WHAT TO DO — Print each record below precisely, with every picture left out of the copy.

********

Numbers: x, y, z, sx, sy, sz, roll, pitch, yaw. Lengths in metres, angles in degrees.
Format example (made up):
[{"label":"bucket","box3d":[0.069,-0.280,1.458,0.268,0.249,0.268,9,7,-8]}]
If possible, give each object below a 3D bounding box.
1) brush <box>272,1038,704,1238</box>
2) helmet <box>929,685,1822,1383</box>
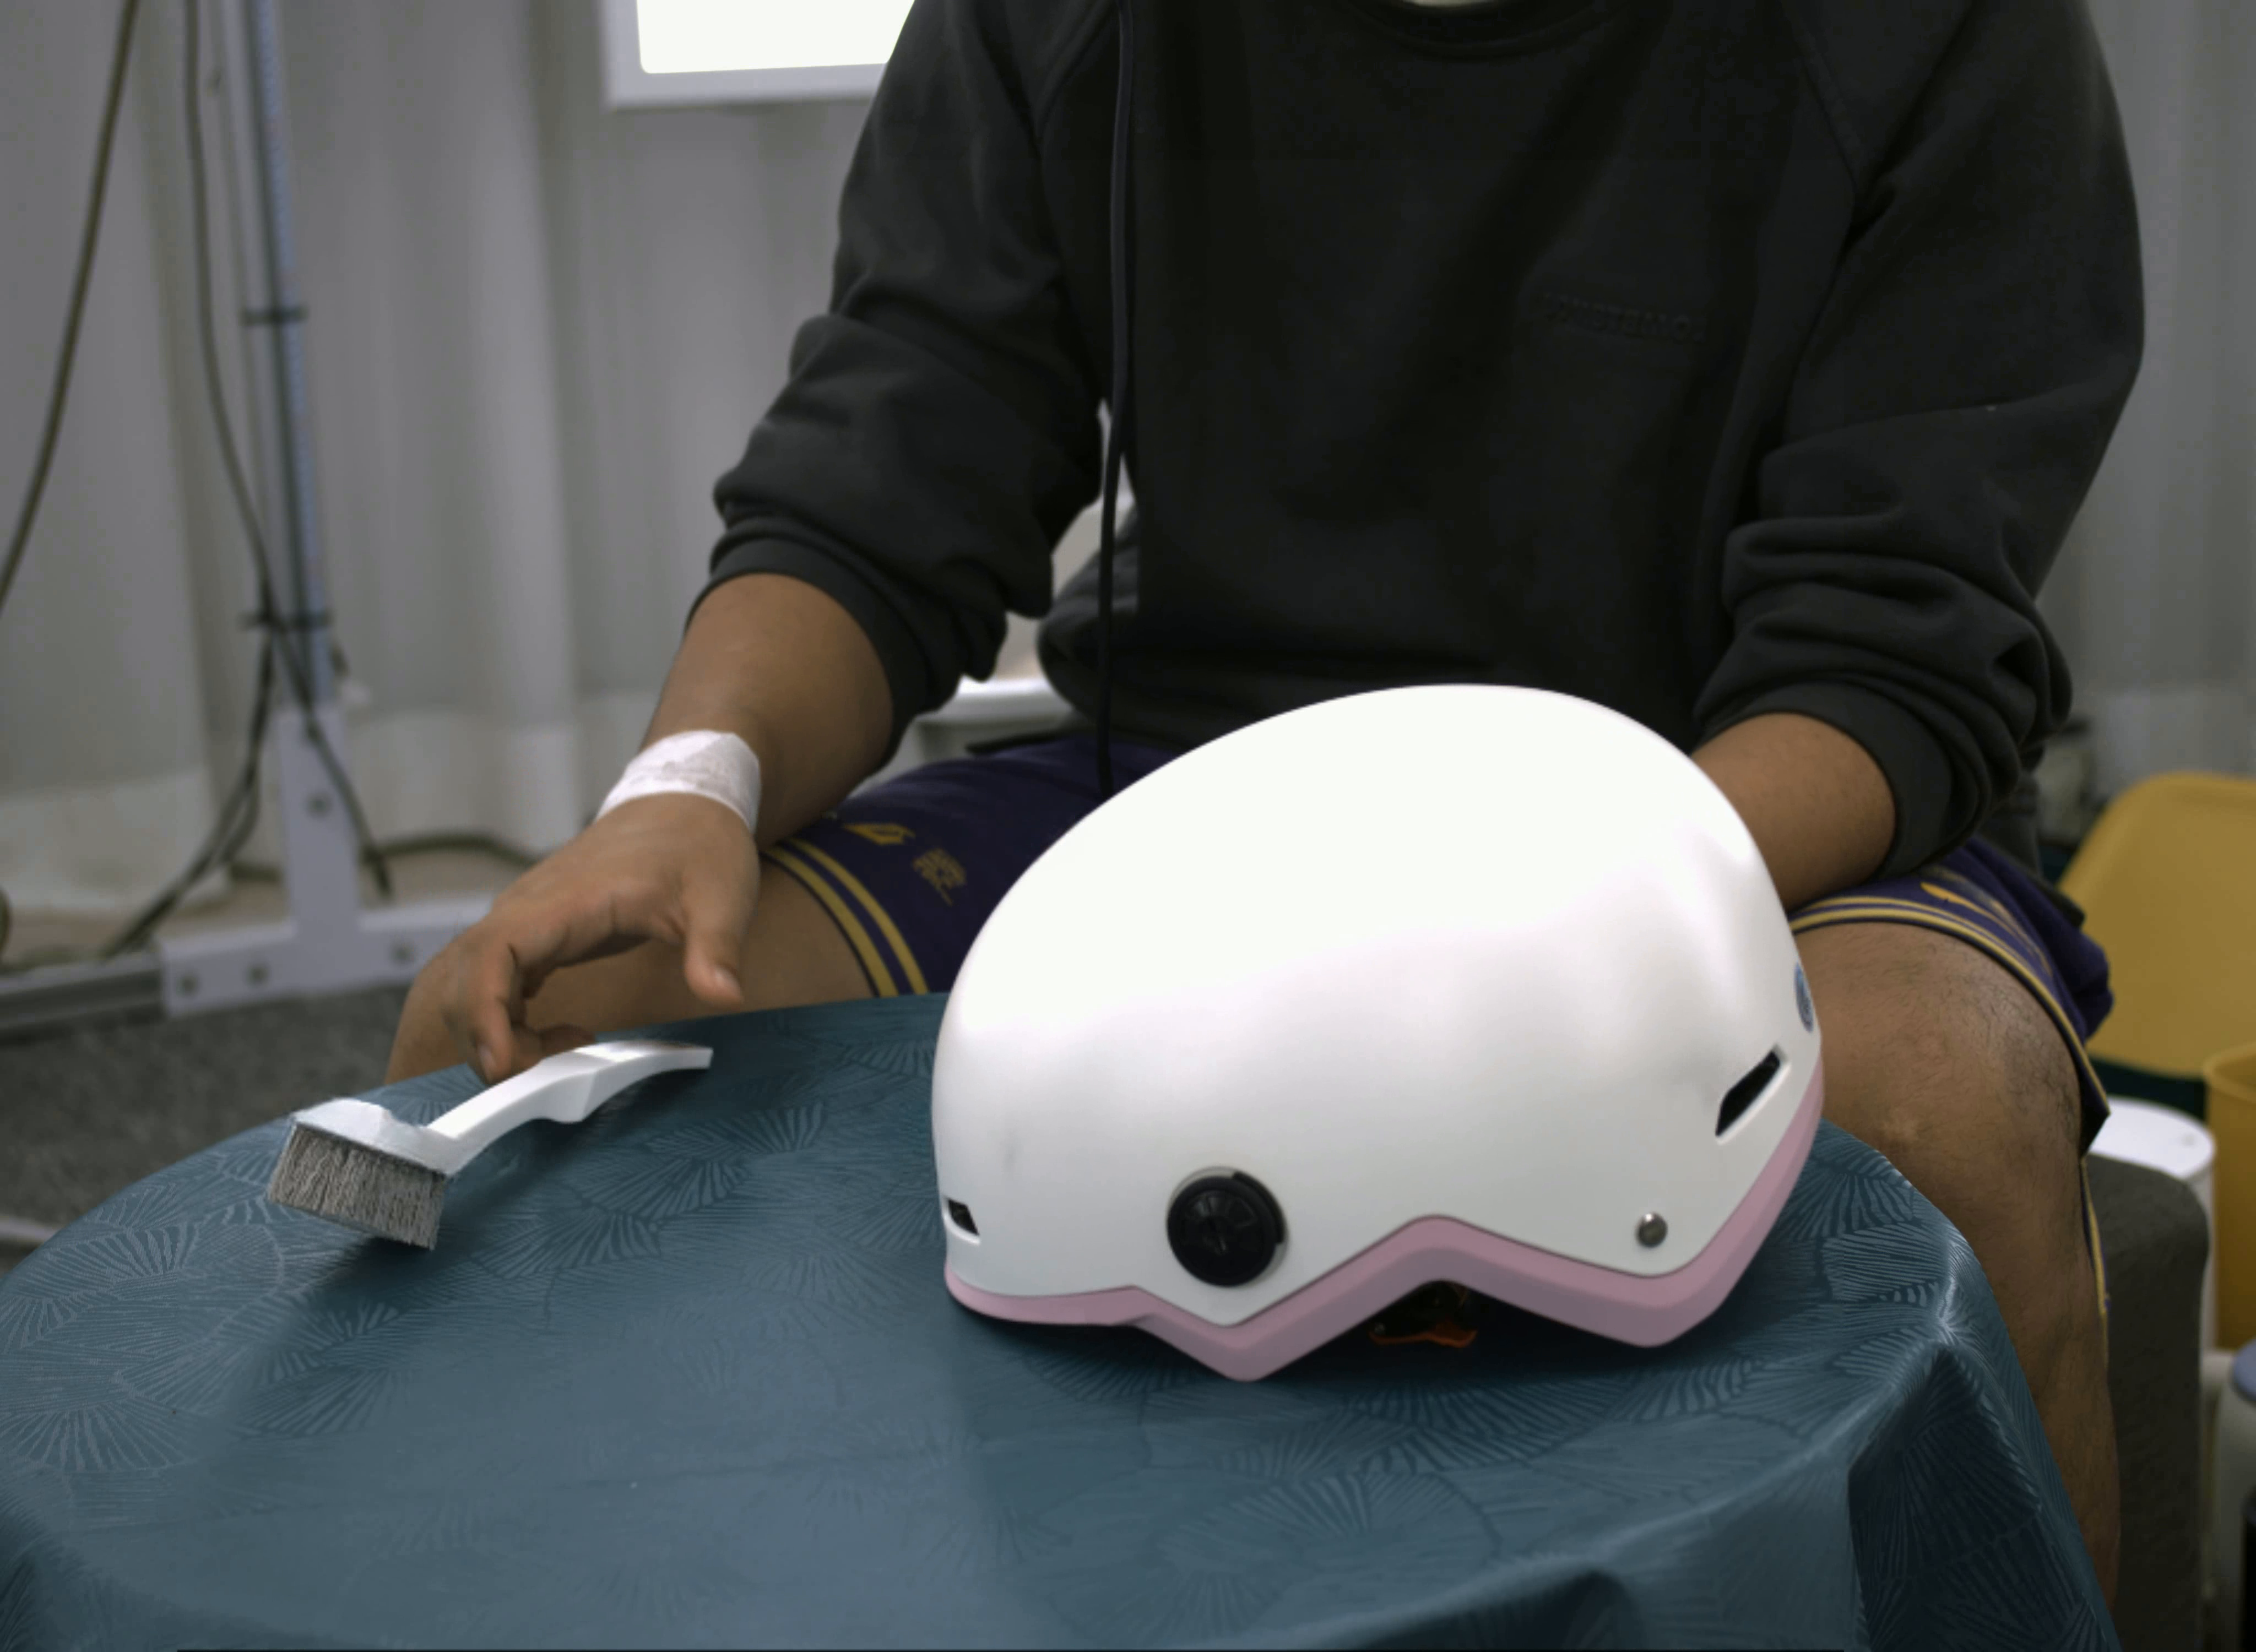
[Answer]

********

ANSWER FOR THE TASK —
Numbers: x, y, z, sx, sy, sz, roll, pitch, yaw. Lengths in metres, angles in degrees.
Format example (made up):
[{"label":"bucket","box3d":[0.069,-0.280,1.458,0.268,0.249,0.268,9,7,-8]}]
If possible, give each object below a 3D bounding box.
1) brush <box>272,1038,704,1238</box>
2) helmet <box>929,685,1822,1383</box>
[Answer]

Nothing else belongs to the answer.